Exercise objective> Please return each entry exactly as it appears, but not the pictures.

-*-

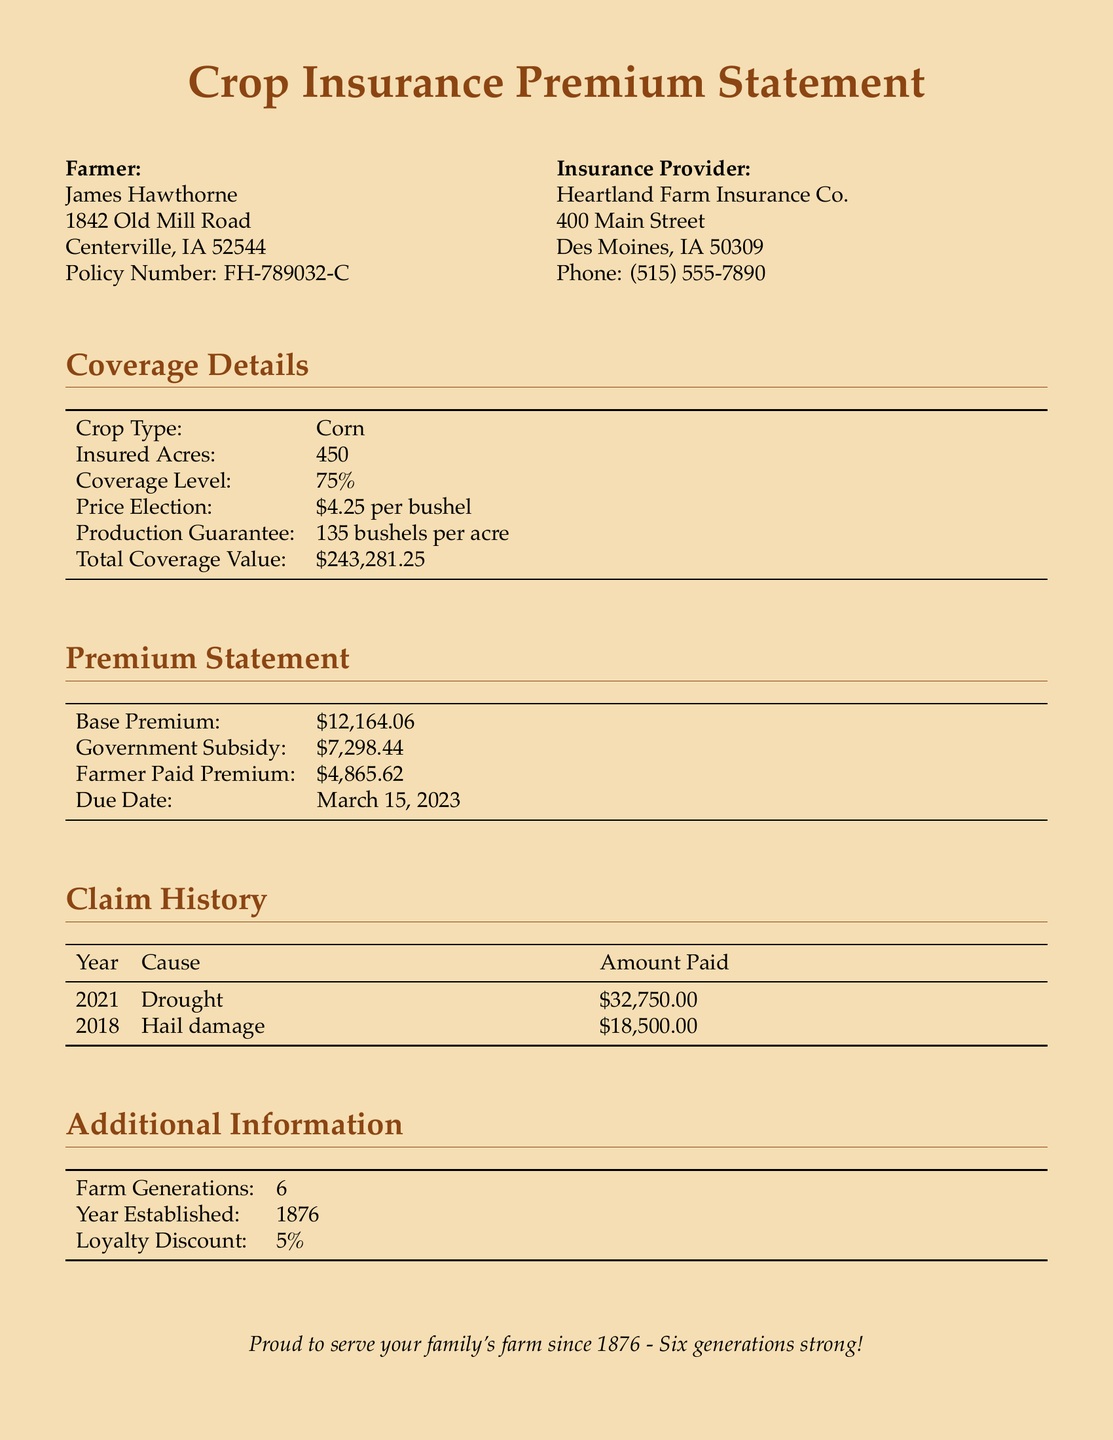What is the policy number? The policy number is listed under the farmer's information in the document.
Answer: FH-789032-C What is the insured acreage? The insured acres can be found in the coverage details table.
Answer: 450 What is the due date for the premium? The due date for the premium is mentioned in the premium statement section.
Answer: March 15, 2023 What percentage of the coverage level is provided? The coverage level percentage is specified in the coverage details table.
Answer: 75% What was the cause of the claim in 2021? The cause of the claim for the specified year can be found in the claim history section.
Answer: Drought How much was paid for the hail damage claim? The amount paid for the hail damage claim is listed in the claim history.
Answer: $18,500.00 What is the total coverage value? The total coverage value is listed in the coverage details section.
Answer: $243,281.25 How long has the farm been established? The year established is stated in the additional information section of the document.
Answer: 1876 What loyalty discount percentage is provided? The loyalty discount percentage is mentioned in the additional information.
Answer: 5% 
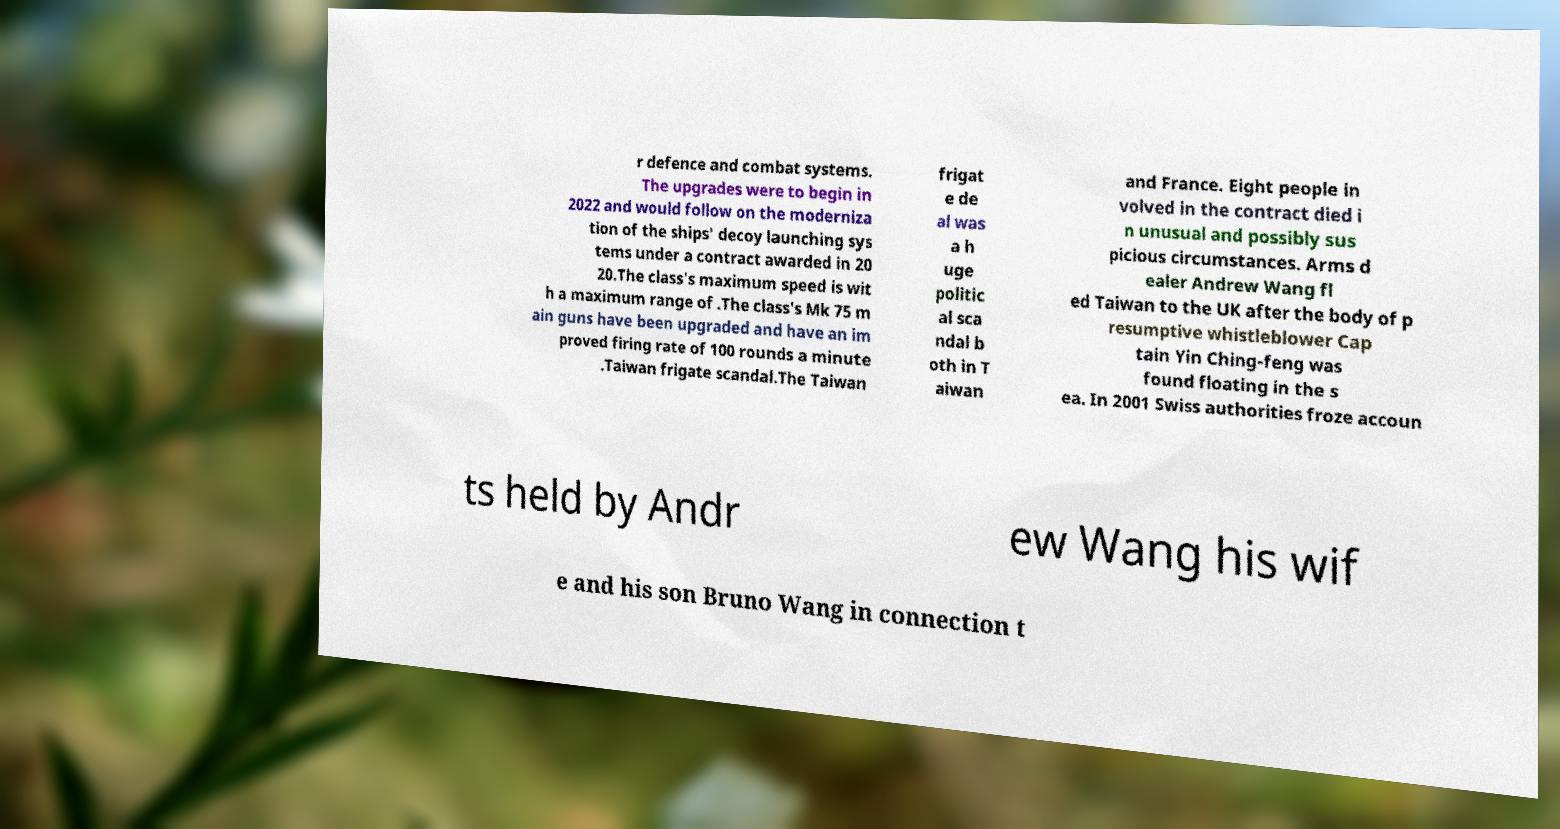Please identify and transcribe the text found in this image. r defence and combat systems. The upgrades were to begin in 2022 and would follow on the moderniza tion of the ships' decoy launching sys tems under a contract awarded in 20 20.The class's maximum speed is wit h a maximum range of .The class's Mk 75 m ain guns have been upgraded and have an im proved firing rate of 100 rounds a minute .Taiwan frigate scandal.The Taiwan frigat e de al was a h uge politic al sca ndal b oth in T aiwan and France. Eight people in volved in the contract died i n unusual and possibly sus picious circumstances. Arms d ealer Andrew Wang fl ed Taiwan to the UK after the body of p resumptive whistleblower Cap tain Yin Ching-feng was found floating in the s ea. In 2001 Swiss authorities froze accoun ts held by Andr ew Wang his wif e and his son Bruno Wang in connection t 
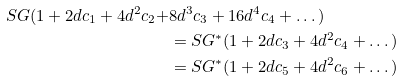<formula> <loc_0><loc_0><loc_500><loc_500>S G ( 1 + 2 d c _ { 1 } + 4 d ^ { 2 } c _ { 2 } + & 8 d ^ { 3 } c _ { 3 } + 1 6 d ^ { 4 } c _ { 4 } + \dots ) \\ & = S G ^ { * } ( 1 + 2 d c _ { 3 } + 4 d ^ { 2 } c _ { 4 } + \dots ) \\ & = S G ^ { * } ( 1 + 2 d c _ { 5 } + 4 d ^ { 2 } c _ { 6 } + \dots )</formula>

-*-

Solution>
What is the policy number? The policy number is listed under the farmer's information in the document.
Answer: FH-789032-C What is the insured acreage? The insured acres can be found in the coverage details table.
Answer: 450 What is the due date for the premium? The due date for the premium is mentioned in the premium statement section.
Answer: March 15, 2023 What percentage of the coverage level is provided? The coverage level percentage is specified in the coverage details table.
Answer: 75% What was the cause of the claim in 2021? The cause of the claim for the specified year can be found in the claim history section.
Answer: Drought How much was paid for the hail damage claim? The amount paid for the hail damage claim is listed in the claim history.
Answer: $18,500.00 What is the total coverage value? The total coverage value is listed in the coverage details section.
Answer: $243,281.25 How long has the farm been established? The year established is stated in the additional information section of the document.
Answer: 1876 What loyalty discount percentage is provided? The loyalty discount percentage is mentioned in the additional information.
Answer: 5% 
Please identify and transcribe the text found in this image. r defence and combat systems. The upgrades were to begin in 2022 and would follow on the moderniza tion of the ships' decoy launching sys tems under a contract awarded in 20 20.The class's maximum speed is wit h a maximum range of .The class's Mk 75 m ain guns have been upgraded and have an im proved firing rate of 100 rounds a minute .Taiwan frigate scandal.The Taiwan frigat e de al was a h uge politic al sca ndal b oth in T aiwan and France. Eight people in volved in the contract died i n unusual and possibly sus picious circumstances. Arms d ealer Andrew Wang fl ed Taiwan to the UK after the body of p resumptive whistleblower Cap tain Yin Ching-feng was found floating in the s ea. In 2001 Swiss authorities froze accoun ts held by Andr ew Wang his wif e and his son Bruno Wang in connection t 
<formula> <loc_0><loc_0><loc_500><loc_500>S G ( 1 + 2 d c _ { 1 } + 4 d ^ { 2 } c _ { 2 } + & 8 d ^ { 3 } c _ { 3 } + 1 6 d ^ { 4 } c _ { 4 } + \dots ) \\ & = S G ^ { * } ( 1 + 2 d c _ { 3 } + 4 d ^ { 2 } c _ { 4 } + \dots ) \\ & = S G ^ { * } ( 1 + 2 d c _ { 5 } + 4 d ^ { 2 } c _ { 6 } + \dots )</formula>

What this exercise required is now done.